:: Data section

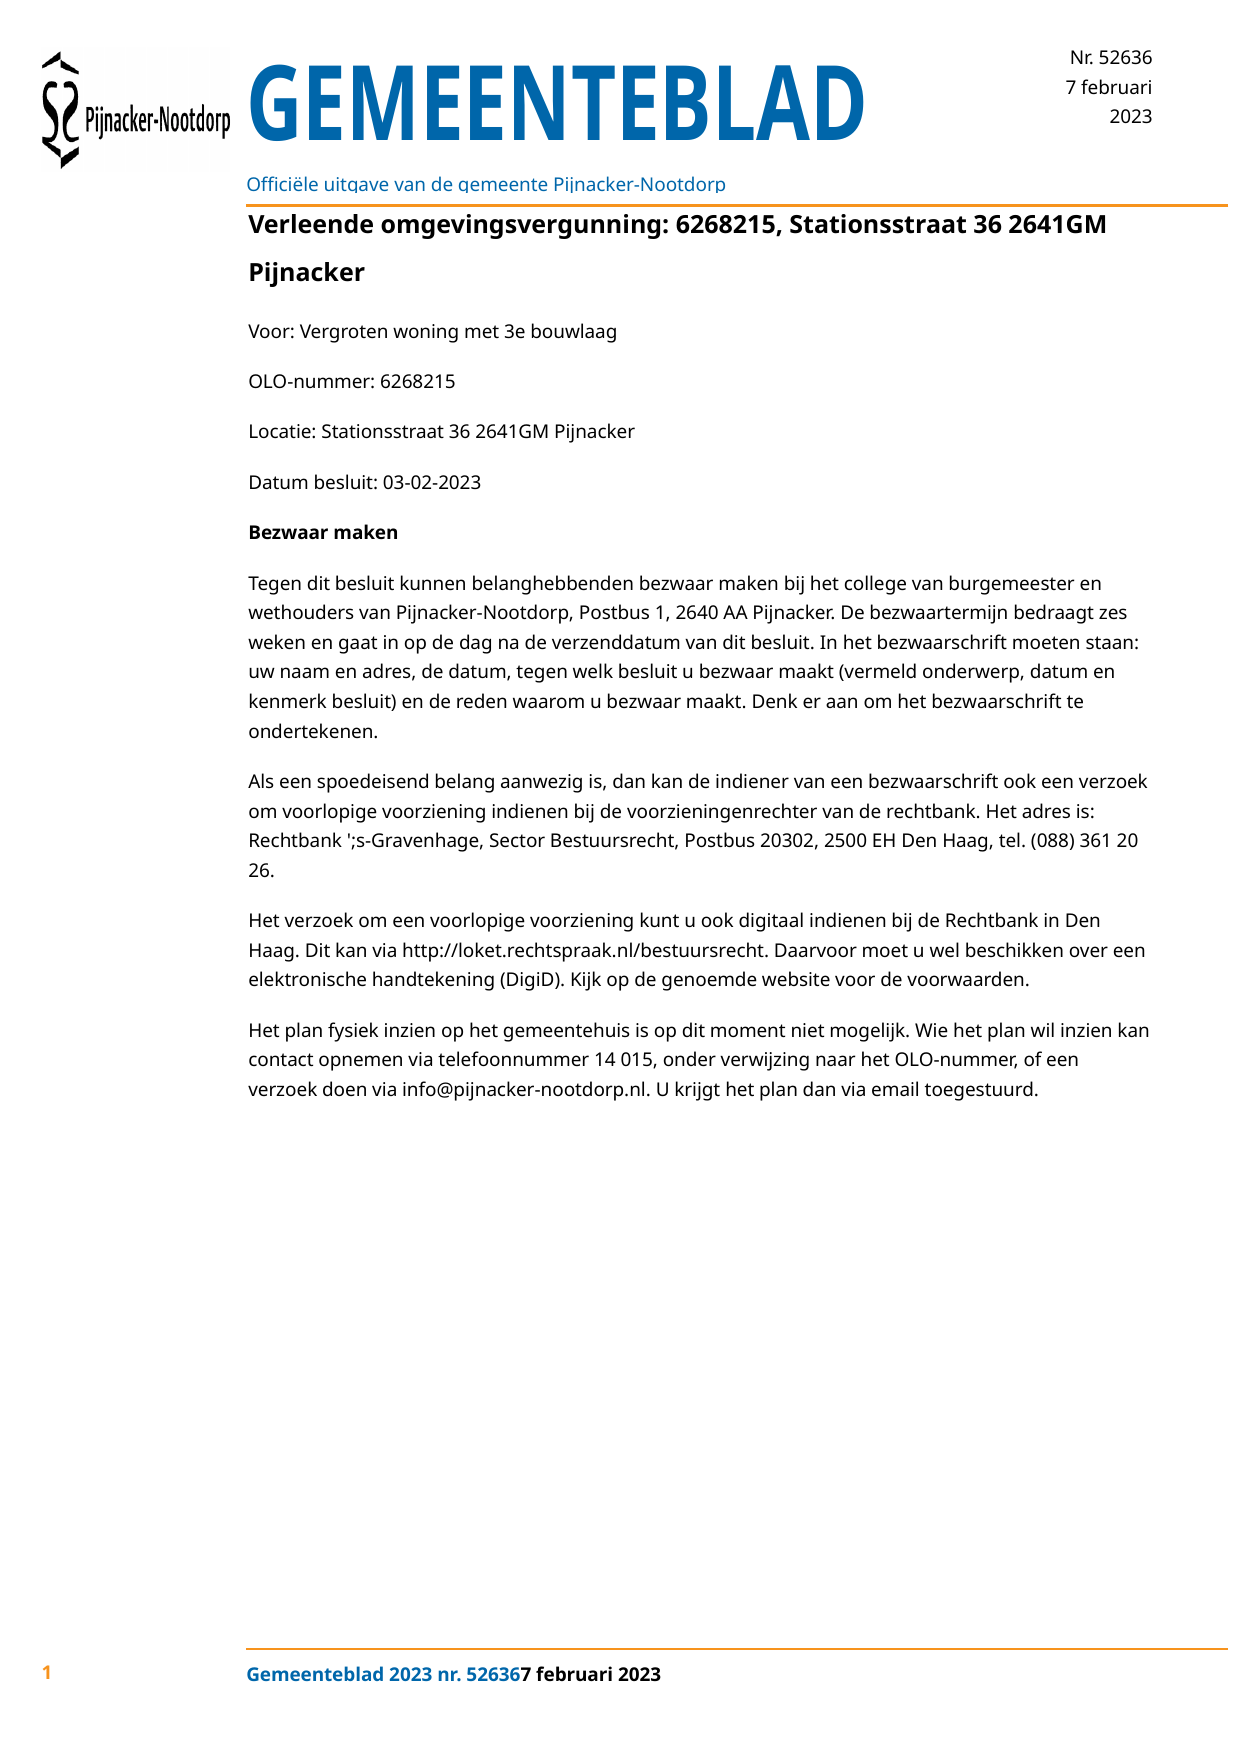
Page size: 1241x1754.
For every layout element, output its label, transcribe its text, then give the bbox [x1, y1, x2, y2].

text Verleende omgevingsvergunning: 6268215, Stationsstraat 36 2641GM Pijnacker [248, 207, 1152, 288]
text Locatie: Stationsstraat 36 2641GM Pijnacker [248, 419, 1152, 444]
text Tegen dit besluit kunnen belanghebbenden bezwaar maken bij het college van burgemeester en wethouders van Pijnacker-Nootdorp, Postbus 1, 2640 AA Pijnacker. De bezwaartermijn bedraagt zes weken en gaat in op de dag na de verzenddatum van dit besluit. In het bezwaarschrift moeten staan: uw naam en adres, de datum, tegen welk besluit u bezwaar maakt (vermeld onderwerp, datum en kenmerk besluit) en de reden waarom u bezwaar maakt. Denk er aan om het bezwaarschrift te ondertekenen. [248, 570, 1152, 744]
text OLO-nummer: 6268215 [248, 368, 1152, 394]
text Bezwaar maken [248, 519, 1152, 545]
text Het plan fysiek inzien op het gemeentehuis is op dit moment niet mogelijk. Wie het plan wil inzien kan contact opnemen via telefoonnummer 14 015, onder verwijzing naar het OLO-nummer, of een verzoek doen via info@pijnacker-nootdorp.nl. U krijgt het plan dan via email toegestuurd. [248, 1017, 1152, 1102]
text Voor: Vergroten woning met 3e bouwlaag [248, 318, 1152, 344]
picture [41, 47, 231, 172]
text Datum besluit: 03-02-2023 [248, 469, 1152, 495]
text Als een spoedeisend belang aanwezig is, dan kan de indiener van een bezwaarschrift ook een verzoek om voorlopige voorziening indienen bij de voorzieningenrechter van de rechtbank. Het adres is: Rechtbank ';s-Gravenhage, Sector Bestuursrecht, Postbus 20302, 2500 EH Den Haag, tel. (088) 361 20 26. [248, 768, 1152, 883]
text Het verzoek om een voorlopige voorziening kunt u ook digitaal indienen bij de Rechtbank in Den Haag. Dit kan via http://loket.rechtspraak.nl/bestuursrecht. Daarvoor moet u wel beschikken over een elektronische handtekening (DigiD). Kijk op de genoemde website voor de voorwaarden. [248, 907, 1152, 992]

::::
:: Data section

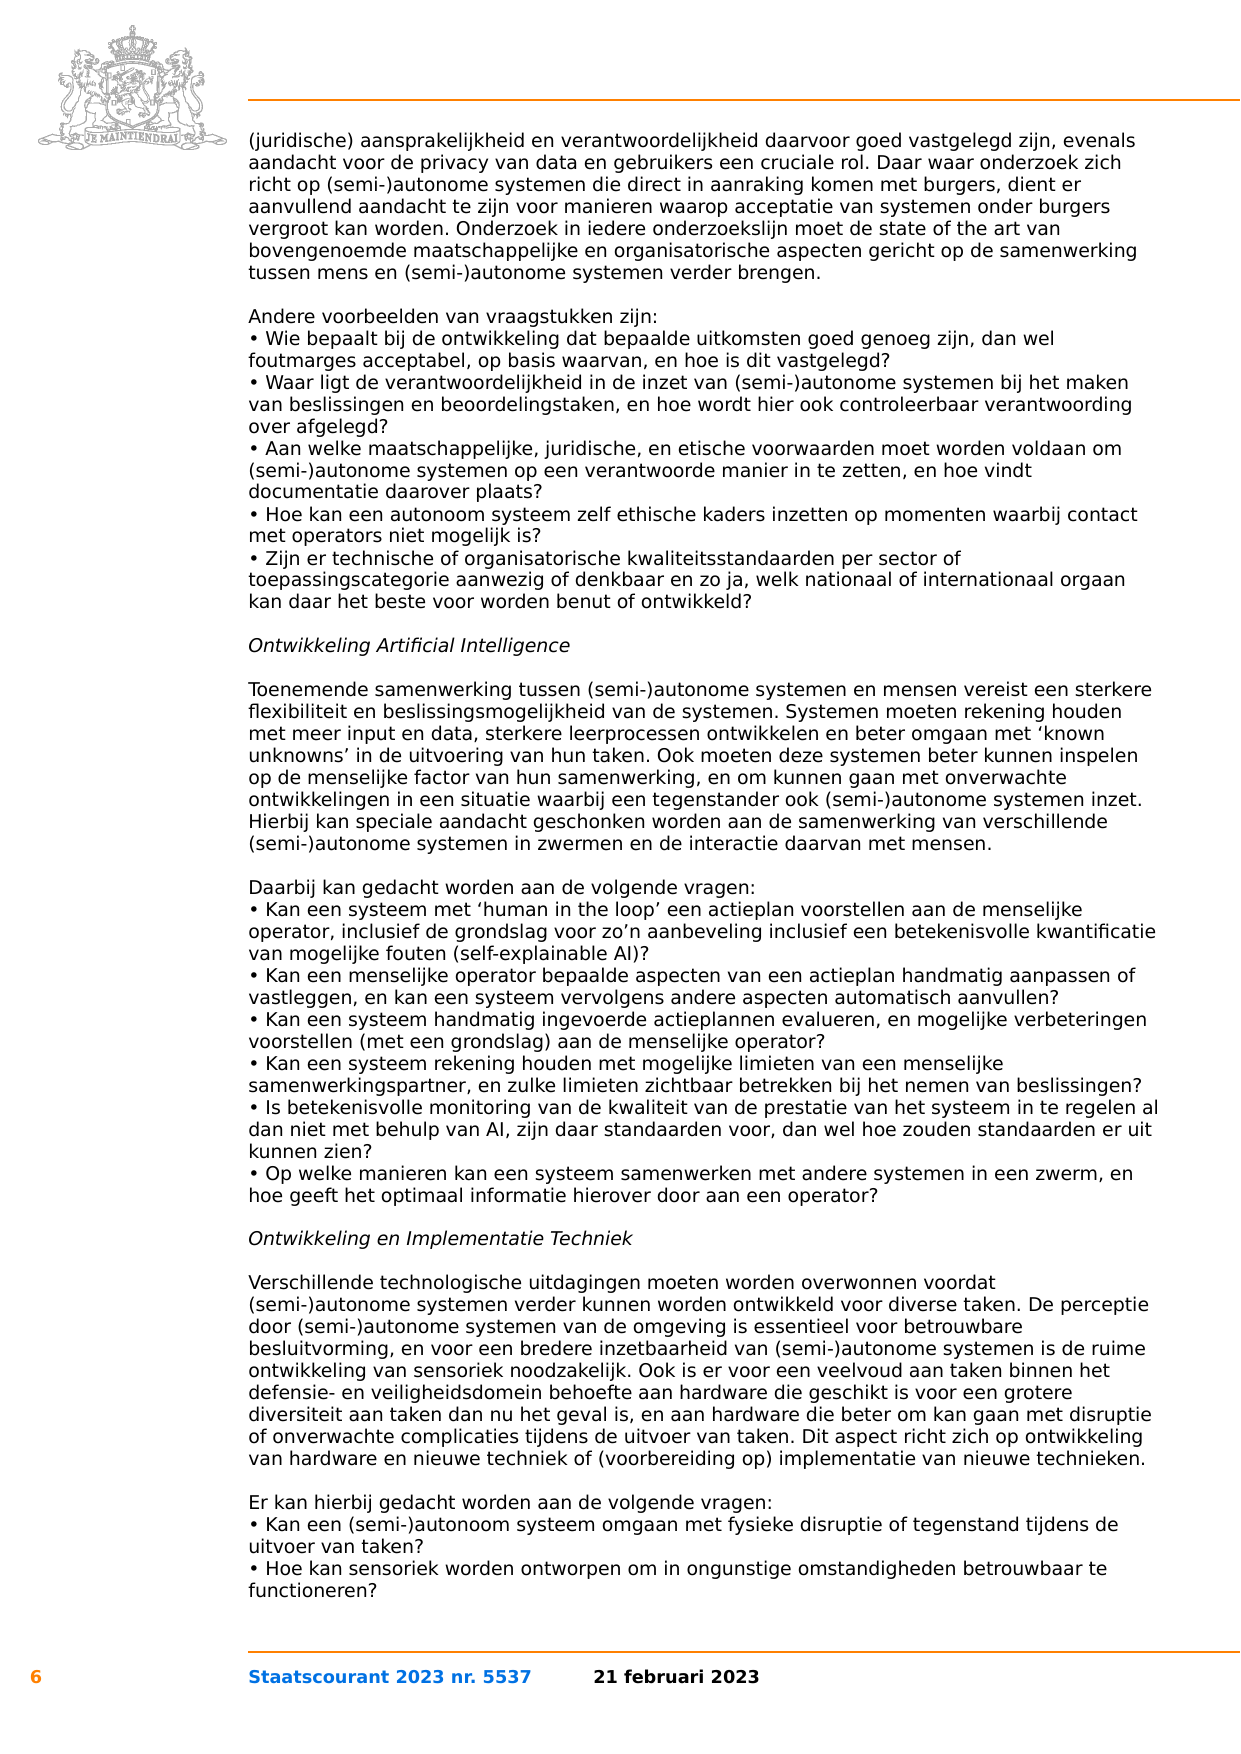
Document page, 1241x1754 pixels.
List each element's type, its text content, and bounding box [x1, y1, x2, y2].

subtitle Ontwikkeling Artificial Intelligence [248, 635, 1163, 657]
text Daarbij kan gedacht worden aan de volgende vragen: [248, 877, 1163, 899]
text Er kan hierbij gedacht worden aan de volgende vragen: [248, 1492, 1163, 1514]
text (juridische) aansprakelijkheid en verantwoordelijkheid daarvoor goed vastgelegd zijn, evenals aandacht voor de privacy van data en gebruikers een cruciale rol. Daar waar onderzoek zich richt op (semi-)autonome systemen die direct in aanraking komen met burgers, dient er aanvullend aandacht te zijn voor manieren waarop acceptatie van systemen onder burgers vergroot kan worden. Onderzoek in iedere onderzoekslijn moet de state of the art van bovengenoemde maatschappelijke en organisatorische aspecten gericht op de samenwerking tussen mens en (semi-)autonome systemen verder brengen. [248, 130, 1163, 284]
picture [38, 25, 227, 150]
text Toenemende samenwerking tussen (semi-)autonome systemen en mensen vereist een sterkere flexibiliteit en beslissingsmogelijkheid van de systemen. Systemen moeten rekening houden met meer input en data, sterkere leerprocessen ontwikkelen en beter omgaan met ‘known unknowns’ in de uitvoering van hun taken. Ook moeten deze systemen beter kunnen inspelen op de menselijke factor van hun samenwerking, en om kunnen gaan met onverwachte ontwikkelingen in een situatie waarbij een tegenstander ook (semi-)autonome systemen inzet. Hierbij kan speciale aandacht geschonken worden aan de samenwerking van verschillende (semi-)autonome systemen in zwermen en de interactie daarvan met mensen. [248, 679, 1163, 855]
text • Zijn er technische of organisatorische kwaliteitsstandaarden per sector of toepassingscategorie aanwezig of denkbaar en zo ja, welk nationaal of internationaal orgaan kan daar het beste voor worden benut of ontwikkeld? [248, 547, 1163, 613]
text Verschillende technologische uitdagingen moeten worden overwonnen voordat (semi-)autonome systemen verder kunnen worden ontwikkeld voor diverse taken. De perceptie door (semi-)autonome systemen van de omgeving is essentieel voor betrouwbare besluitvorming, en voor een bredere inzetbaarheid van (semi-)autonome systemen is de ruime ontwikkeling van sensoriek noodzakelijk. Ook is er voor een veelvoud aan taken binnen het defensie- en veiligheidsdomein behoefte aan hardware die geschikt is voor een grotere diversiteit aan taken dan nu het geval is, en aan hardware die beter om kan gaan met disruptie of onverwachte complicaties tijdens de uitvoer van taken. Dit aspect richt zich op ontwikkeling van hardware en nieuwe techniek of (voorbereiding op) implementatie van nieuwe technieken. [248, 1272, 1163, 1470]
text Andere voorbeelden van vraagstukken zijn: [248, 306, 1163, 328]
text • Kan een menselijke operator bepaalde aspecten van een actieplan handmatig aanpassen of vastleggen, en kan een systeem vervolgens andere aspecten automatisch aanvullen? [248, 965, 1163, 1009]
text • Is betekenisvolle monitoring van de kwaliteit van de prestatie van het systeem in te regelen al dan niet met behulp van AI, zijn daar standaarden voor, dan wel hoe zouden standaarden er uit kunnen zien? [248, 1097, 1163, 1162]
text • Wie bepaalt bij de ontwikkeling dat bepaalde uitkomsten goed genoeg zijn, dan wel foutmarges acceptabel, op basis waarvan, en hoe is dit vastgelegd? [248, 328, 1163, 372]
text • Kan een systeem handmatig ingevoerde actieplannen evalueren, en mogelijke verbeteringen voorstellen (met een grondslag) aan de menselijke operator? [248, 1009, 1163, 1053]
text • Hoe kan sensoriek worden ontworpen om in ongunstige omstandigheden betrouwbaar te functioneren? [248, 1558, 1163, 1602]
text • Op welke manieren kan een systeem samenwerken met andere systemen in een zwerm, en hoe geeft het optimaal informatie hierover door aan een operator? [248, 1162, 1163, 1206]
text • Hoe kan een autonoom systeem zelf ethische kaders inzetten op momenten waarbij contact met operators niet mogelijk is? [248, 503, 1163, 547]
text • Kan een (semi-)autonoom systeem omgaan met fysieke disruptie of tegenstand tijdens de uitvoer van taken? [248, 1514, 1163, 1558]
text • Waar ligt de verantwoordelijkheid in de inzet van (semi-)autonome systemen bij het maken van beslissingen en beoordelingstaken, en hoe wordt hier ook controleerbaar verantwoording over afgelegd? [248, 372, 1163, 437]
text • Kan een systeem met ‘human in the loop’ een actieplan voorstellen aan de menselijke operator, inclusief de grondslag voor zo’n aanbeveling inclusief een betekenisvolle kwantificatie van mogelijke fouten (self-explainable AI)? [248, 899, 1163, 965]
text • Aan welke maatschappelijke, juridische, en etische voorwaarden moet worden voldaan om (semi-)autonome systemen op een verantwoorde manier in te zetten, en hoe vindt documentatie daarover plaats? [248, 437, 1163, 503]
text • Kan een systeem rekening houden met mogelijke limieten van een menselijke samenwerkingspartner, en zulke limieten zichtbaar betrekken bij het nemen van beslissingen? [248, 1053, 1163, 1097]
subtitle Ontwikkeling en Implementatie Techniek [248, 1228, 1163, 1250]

::::

Using the entries above, give back exactly the line containing "text • Wie bepaalt", the line containing "text • Waar", and every line between them, and nothing else.

### Task answer
text • Wie bepaalt bij de ontwikkeling dat bepaalde uitkomsten goed genoeg zijn, dan wel foutmarges acceptabel, op basis waarvan, en hoe is dit vastgelegd? [248, 328, 1163, 372]
text • Kan een systeem handmatig ingevoerde actieplannen evalueren, en mogelijke verbeteringen voorstellen (met een grondslag) aan de menselijke operator? [248, 1009, 1163, 1053]
text • Hoe kan sensoriek worden ontworpen om in ongunstige omstandigheden betrouwbaar te functioneren? [248, 1558, 1163, 1602]
text • Op welke manieren kan een systeem samenwerken met andere systemen in een zwerm, en hoe geeft het optimaal informatie hierover door aan een operator? [248, 1162, 1163, 1206]
text • Hoe kan een autonoom systeem zelf ethische kaders inzetten op momenten waarbij contact met operators niet mogelijk is? [248, 503, 1163, 547]
text • Kan een (semi-)autonoom systeem omgaan met fysieke disruptie of tegenstand tijdens de uitvoer van taken? [248, 1514, 1163, 1558]
text • Waar ligt de verantwoordelijkheid in de inzet van (semi-)autonome systemen bij het maken van beslissingen en beoordelingstaken, en hoe wordt hier ook controleerbaar verantwoording over afgelegd? [248, 372, 1163, 437]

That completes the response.